The Washing Machine Gets What's Coming to It
On his fourth day staying with Angel, the Doctor hauled the washing unit out from the wall. It thudded onto the wood floor, scraping as he dragged it a bit farther out. He twirled his sonic screwdriver at it menacingly for a moment and then began the dissection with the removal of its protective outer shell. Once the innards were exposed, he only paused for the briefest of moments to consider what components might be salvaged for other projects before he began stripping the unit of everything that made it such a horrible washer.
If that happened to include things like the on/off switch and the plug that went into the wall, well, it wasn't his fault it was so terrible.
By the time Angel walked in, the Doctor had removed everything and had paused to consider reworking the (poorly named) main intelligence chip, or simply building one that might manage to rate as something other than completely, utterly stupid on the computer intelligence scale. "Got any high intensity torches, Angel?" he asked, holding the chip up to the light for a better look.
Angel's normally cool expression flared into shock, which was quickly followed by rage when he noticed the water puddling around his boots. "Doctor!" Angel yelled, slamming the door shut behind him with his free hand, the other being occupied with a bag of something heavy-ish. "This. Is. Wood! What the hell are you doing?"
The Doctor recovered from the initial yell and even managed to not fall off of the edge of the couch where he was perched. He glanced at the floor. It was, in fact, wood. It was also covered in bits of machinery that had been crudely cobbled into something like a washing unit until he'd arrived to save it from itself. That made Angel's initial comment extremely simple (something the Doctor didn't think deserved shouting about) and his question equally simple (really, wasn't it obvious?).

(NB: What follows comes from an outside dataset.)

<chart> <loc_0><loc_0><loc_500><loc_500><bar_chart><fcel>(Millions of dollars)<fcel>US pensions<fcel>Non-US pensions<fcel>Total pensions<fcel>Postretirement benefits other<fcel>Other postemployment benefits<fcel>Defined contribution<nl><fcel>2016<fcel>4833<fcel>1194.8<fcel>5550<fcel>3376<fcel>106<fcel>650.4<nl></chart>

"Fixing things," the Doctor explained, in case Angel really was that stupid sometimes. He went back to squinting at the chip. "No torch, then? Nevermind, I'll make do."
"Doctor," Angel growled, clearly trying to keep his voice as even as possible. "This is expensive wood. And you've flooded it."

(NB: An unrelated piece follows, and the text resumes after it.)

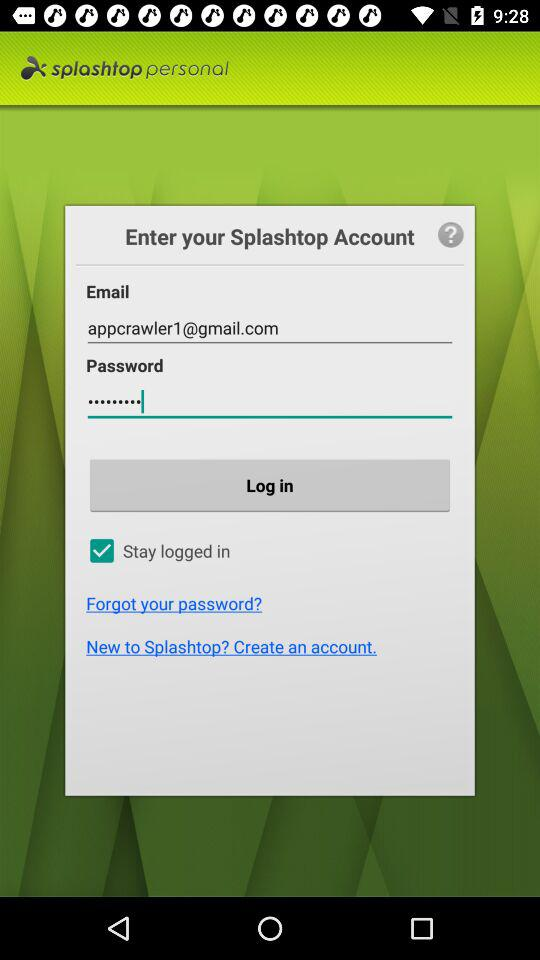How many fields are there on this screen that require a user to type in information?
Answer the question using a single word or phrase. 2

Well, that was an exaggeration. It was more like a medium-ish puddle. If that. It hadn't even reached the rug under the sitting area - the Doctor glanced down at the floor again - yet. He dedicated an entire section of his many levels of thought to figuring out why this seemed to make Angel so mad (the expensive comment had to be a clue). Another section was dedicated to figuring out how likely it was that Angel was going to punch him again (a very unhealthy 89%).
He stood up and slowly set the chip down on the table. "I'll get a towel?" he tried. It occurred to him that Angel, as a vampire, might have issues with running water. Not that this water was running very much...
"Yeah you will," Angel said sharply. "And you'll also pay for the refinishing. And the replacement, if you've completely destroyed the planks." Angel paused and glanced at all the machine parts scattered around the apartment. "And you'll buy me a new washer." Angel shook a finger in the Doctor's direction for added measure. "And then, you'll leave my stuff the hell alone!"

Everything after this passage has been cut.